Problem details: Repeat the records verbatim and leave the pictures out of your copy.

Provided data:

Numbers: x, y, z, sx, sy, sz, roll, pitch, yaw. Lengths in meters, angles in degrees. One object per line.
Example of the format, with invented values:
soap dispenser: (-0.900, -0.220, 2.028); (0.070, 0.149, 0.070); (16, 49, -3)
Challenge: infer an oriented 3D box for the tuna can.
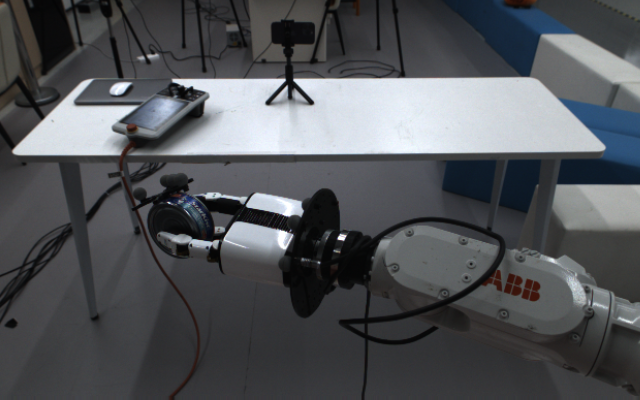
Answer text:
tuna can: (-0.183, 0.041, 0.643); (0.085, 0.085, 0.034); (14, 30, 17)
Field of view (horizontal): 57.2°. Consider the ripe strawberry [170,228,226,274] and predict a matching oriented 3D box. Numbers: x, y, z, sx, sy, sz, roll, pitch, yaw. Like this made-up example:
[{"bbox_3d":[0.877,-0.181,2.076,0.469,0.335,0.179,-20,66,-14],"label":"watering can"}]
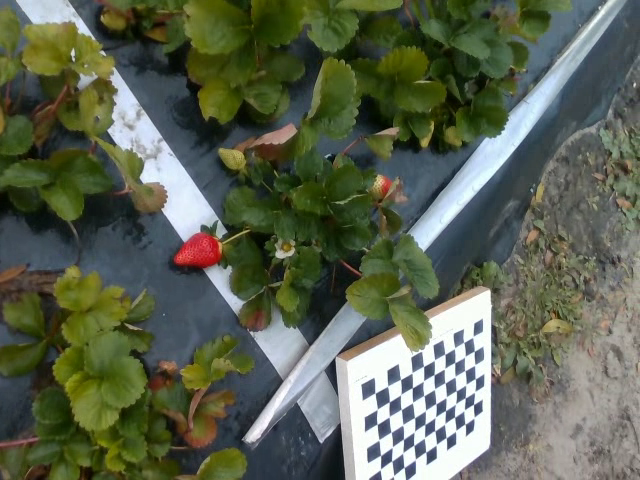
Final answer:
[{"bbox_3d":[-0.123,0.013,0.573,0.051,0.042,0.037,-23,28,-35],"label":"ripe strawberry"}]
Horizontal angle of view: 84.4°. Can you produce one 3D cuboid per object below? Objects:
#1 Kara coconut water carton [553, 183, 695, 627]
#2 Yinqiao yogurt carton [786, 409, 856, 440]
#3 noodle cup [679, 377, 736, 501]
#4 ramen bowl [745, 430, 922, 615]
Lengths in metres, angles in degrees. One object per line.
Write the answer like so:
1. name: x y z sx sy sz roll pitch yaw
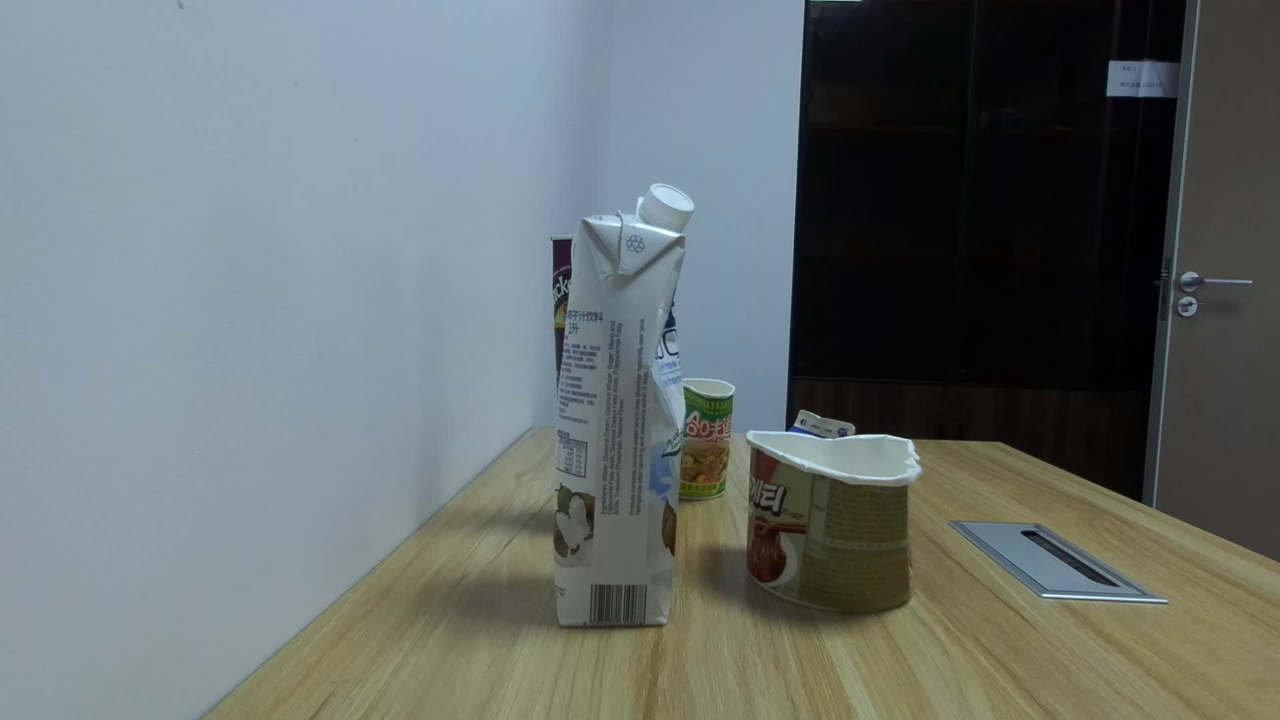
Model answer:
1. Kara coconut water carton: -0.010 0.024 0.421 0.078 0.255 0.083 4 6 9
2. Yinqiao yogurt carton: 0.161 0.094 0.618 0.074 0.091 0.075 -3 6 -30
3. noodle cup: 0.051 0.075 0.688 0.070 0.111 0.115 1 5 -2
4. ramen bowl: 0.128 0.102 0.466 0.113 0.097 0.134 3 4 5
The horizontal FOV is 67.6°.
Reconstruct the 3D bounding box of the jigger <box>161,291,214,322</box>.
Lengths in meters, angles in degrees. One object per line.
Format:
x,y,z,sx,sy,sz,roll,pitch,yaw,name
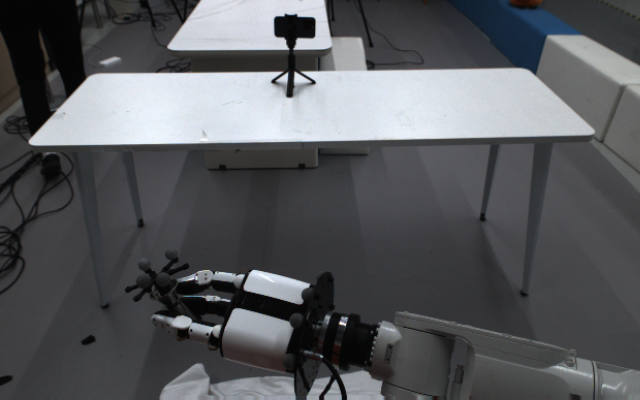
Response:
-0.191,0.144,0.656,0.043,0.071,0.043,-20,24,9,jigger
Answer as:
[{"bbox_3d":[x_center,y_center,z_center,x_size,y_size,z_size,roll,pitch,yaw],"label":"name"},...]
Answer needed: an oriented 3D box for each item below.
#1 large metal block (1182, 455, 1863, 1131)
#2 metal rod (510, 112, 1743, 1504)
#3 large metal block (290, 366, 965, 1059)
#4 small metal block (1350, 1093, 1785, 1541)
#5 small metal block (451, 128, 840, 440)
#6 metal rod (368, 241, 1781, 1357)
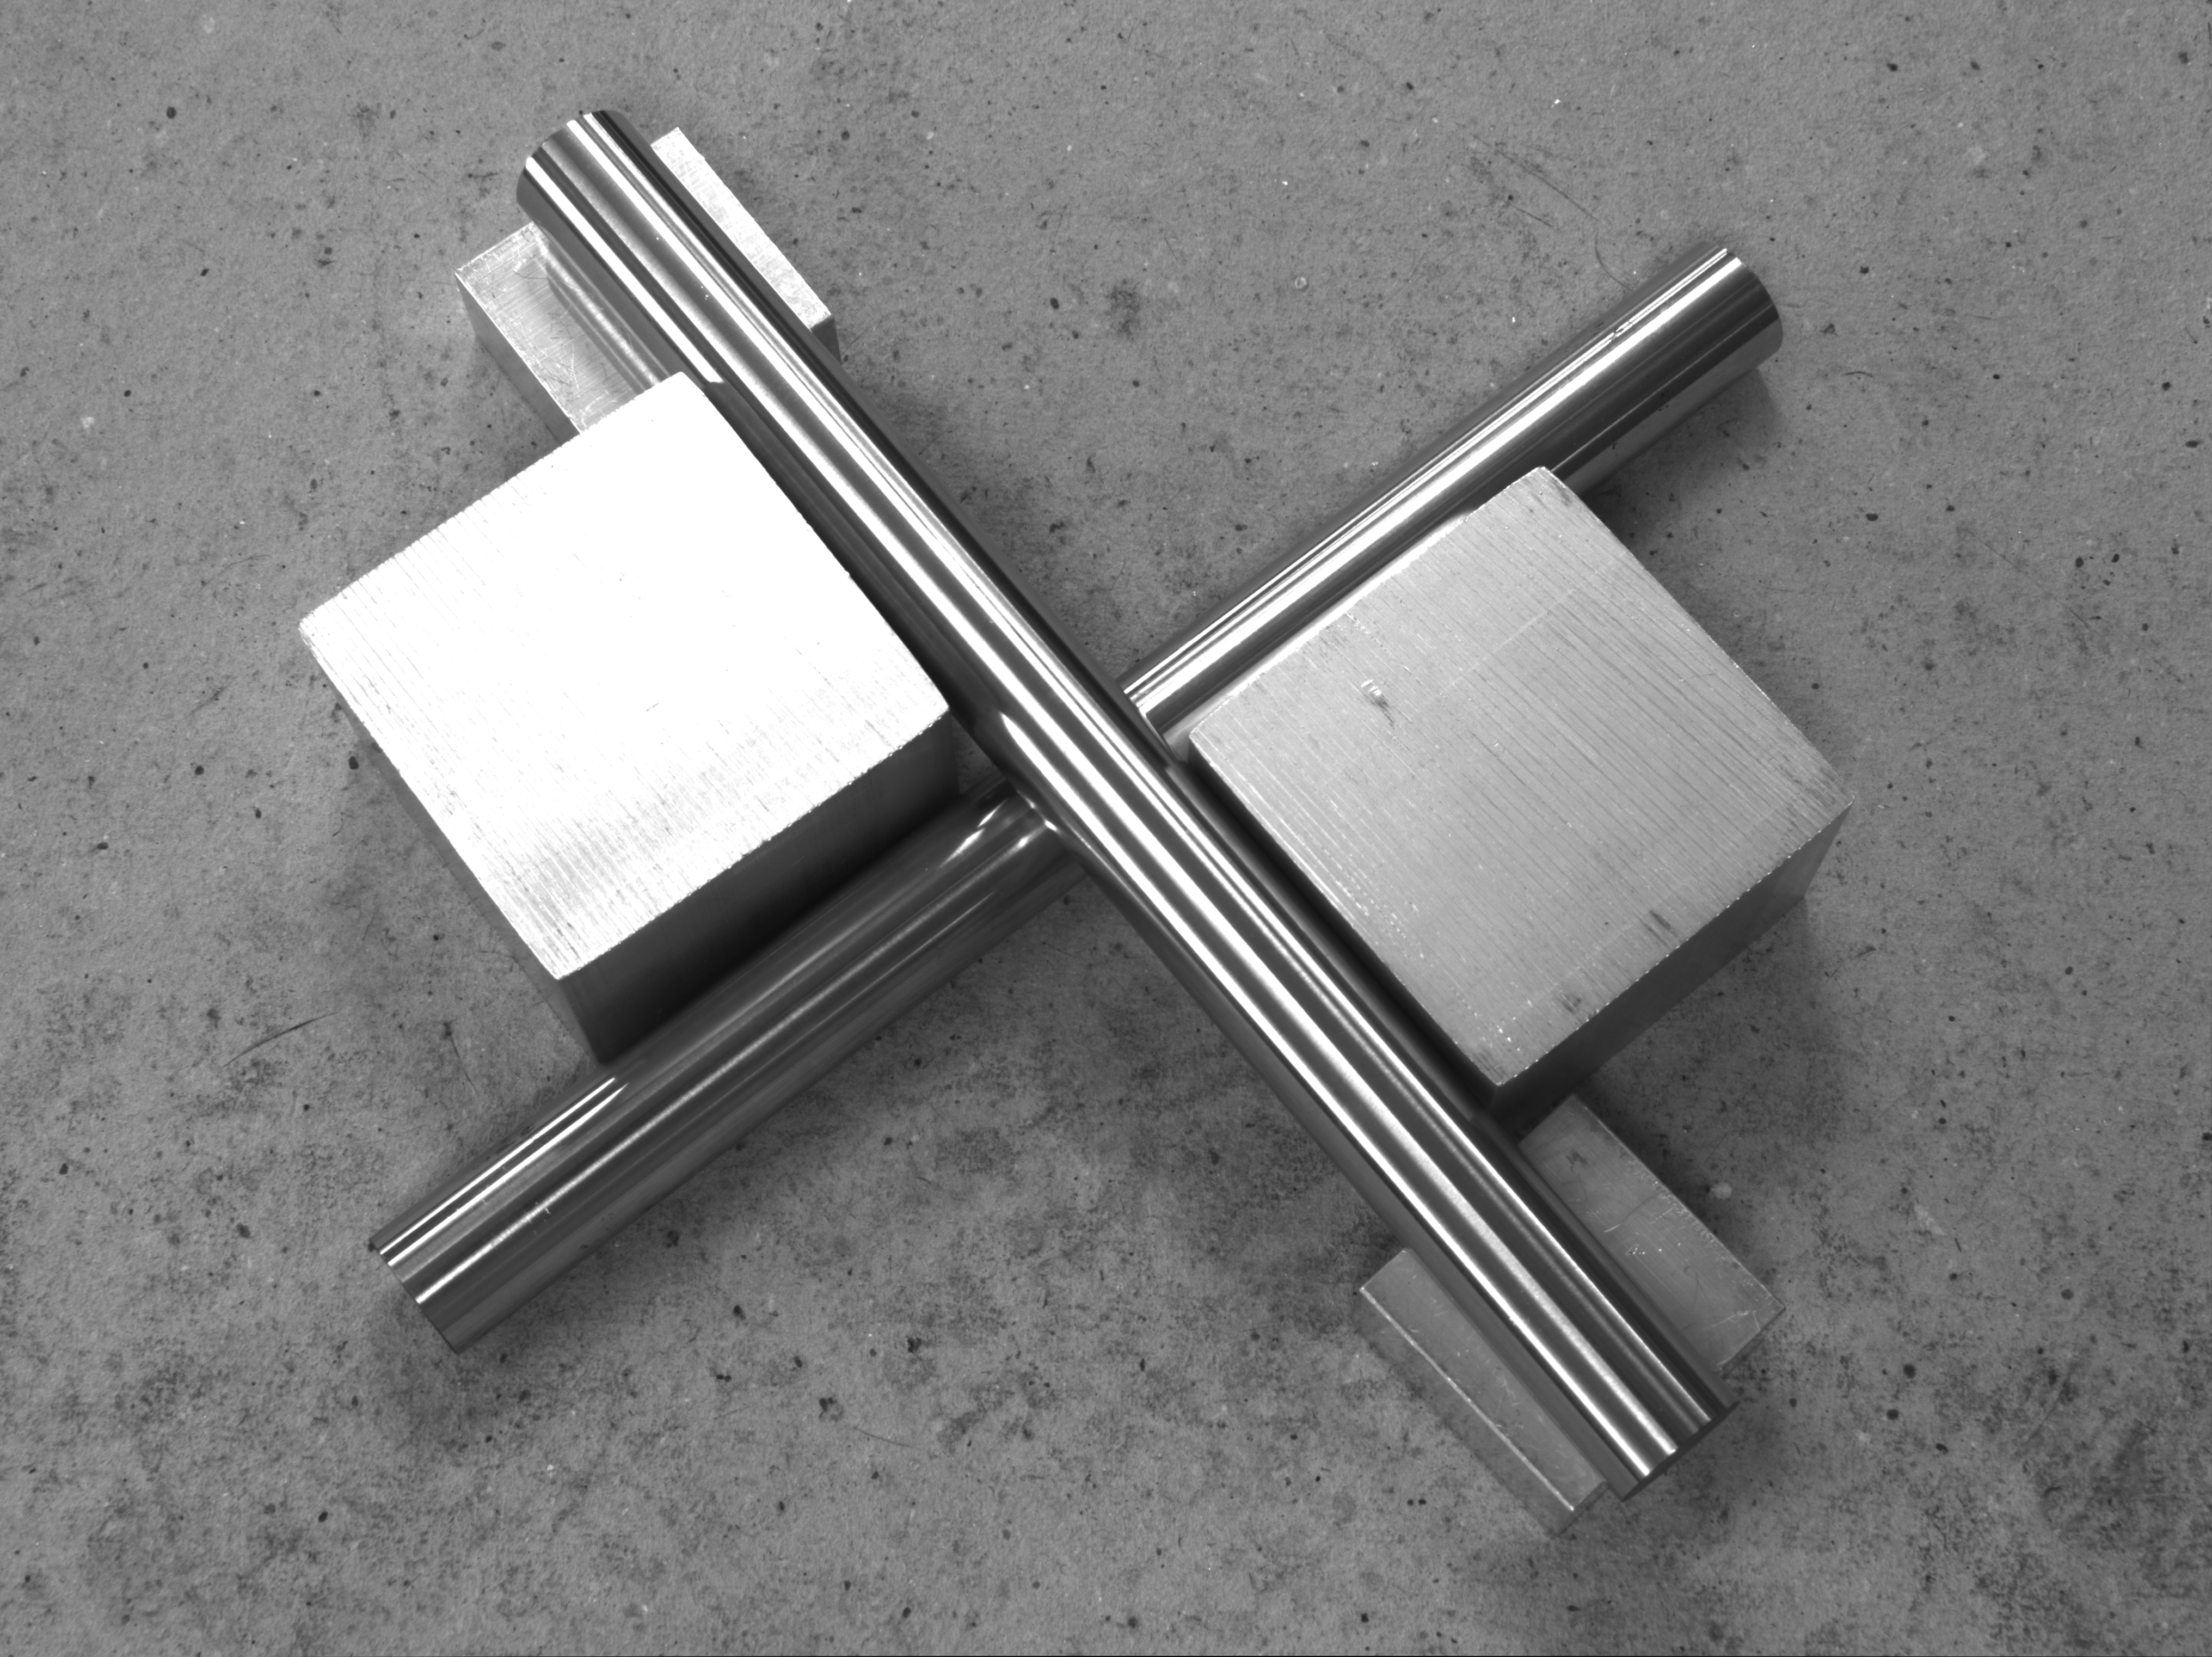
[{"bbox_3d":[0.069,-0.002,0.633,0.080,0.050,0.080,-37,74,-12],"label":"large metal block"},{"bbox_3d":[-0.003,-0.010,0.622,0.025,0.025,0.300,-37,74,-12],"label":"metal rod"},{"bbox_3d":[-0.081,-0.018,0.637,0.080,0.050,0.080,-35,74,-12],"label":"large metal block"},{"bbox_3d":[0.076,0.082,0.616,0.050,0.025,0.050,-41,75,-14],"label":"small metal block"},{"bbox_3d":[-0.085,-0.093,0.681,0.050,0.025,0.050,-36,74,-12],"label":"small metal block"},{"bbox_3d":[0.000,-0.010,0.650,0.300,0.025,0.025,-37,74,-13],"label":"metal rod"}]
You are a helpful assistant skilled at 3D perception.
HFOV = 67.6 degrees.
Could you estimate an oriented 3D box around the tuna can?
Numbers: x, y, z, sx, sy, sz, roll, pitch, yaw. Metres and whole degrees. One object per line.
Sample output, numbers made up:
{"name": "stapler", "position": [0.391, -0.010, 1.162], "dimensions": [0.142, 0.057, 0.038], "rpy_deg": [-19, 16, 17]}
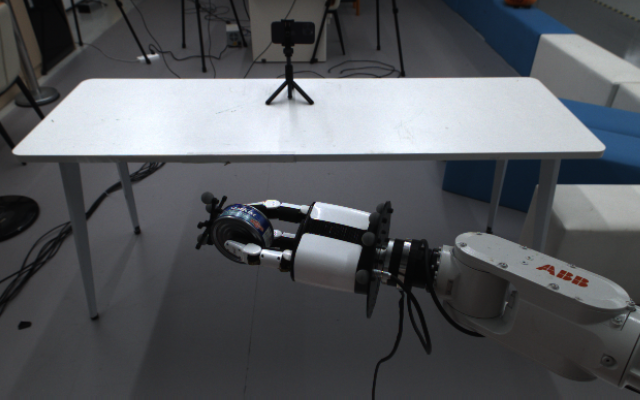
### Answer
{"name": "tuna can", "position": [-0.109, 0.047, 0.686], "dimensions": [0.085, 0.085, 0.034], "rpy_deg": [11, 35, 13]}

Result of the task:
Numbers: x, y, z, sx, sy, sz, roll, pitch, yaw. Lengths in meters, angles in degrees. One object per line.
Example of the format, with invented values:
soap dispenser: (-0.900, -0.220, 2.028); (0.070, 0.149, 0.070); (16, 49, -3)
Challenge: infer an oriented 3D box for the tuna can.
Answer text:
tuna can: (-0.183, 0.041, 0.643); (0.085, 0.085, 0.034); (14, 30, 17)
Field of view (horizontal): 57.2°. Consider the ripe strawberry [170,228,226,274] and predict a matching oriented 3D box. Numbers: x, y, z, sx, sy, sz, roll, pitch, yaw. Like this made-up example:
[{"bbox_3d":[0.877,-0.181,2.076,0.469,0.335,0.179,-20,66,-14],"label":"watering can"}]
Final answer:
[{"bbox_3d":[-0.123,0.013,0.573,0.051,0.042,0.037,-23,28,-35],"label":"ripe strawberry"}]
Horizontal angle of view: 84.4°. Can you produce one 3D cuboid per object below? Objects:
#1 Kara coconut water carton [553, 183, 695, 627]
#2 Yinqiao yogurt carton [786, 409, 856, 440]
#3 noodle cup [679, 377, 736, 501]
#4 ramen bowl [745, 430, 922, 615]
Lengths in metres, angles in degrees. One object per line.
Write the answer like so:
1. name: x y z sx sy sz roll pitch yaw
Model answer:
1. Kara coconut water carton: -0.010 0.024 0.421 0.078 0.255 0.083 4 6 9
2. Yinqiao yogurt carton: 0.161 0.094 0.618 0.074 0.091 0.075 -3 6 -30
3. noodle cup: 0.051 0.075 0.688 0.070 0.111 0.115 1 5 -2
4. ramen bowl: 0.128 0.102 0.466 0.113 0.097 0.134 3 4 5
The horizontal FOV is 67.6°.
Reconstruct the 3D bounding box of the jigger <box>161,291,214,322</box>.
Lengths in meters, angles in degrees. One object per line.
Format:
x,y,z,sx,sy,sz,roll,pitch,yaw,name
Response:
-0.191,0.144,0.656,0.043,0.071,0.043,-20,24,9,jigger
Answer as:
[{"bbox_3d":[x_center,y_center,z_center,x_size,y_size,z_size,roll,pitch,yaw],"label":"name"},...]
Answer needed: an oriented 3D box for each item below.
#1 large metal block (1182, 455, 1863, 1131)
#2 metal rod (510, 112, 1743, 1504)
#3 large metal block (290, 366, 965, 1059)
#4 small metal block (1350, 1093, 1785, 1541)
#5 small metal block (451, 128, 840, 440)
#6 metal rod (368, 241, 1781, 1357)
[{"bbox_3d":[0.069,-0.002,0.633,0.080,0.050,0.080,-37,74,-12],"label":"large metal block"},{"bbox_3d":[-0.003,-0.010,0.622,0.025,0.025,0.300,-37,74,-12],"label":"metal rod"},{"bbox_3d":[-0.081,-0.018,0.637,0.080,0.050,0.080,-35,74,-12],"label":"large metal block"},{"bbox_3d":[0.076,0.082,0.616,0.050,0.025,0.050,-41,75,-14],"label":"small metal block"},{"bbox_3d":[-0.085,-0.093,0.681,0.050,0.025,0.050,-36,74,-12],"label":"small metal block"},{"bbox_3d":[0.000,-0.010,0.650,0.300,0.025,0.025,-37,74,-13],"label":"metal rod"}]
You are a helpful assistant skilled at 3D perception.
HFOV = 67.6 degrees.
Could you estimate an oriented 3D box around the tuna can?
Numbers: x, y, z, sx, sy, sz, roll, pitch, yaw. Metres and whole degrees. One object per line.
Sample output, numbers made up:
{"name": "stapler", "position": [0.391, -0.010, 1.162], "dimensions": [0.142, 0.057, 0.038], "rpy_deg": [-19, 16, 17]}
### Answer
{"name": "tuna can", "position": [-0.109, 0.047, 0.686], "dimensions": [0.085, 0.085, 0.034], "rpy_deg": [11, 35, 13]}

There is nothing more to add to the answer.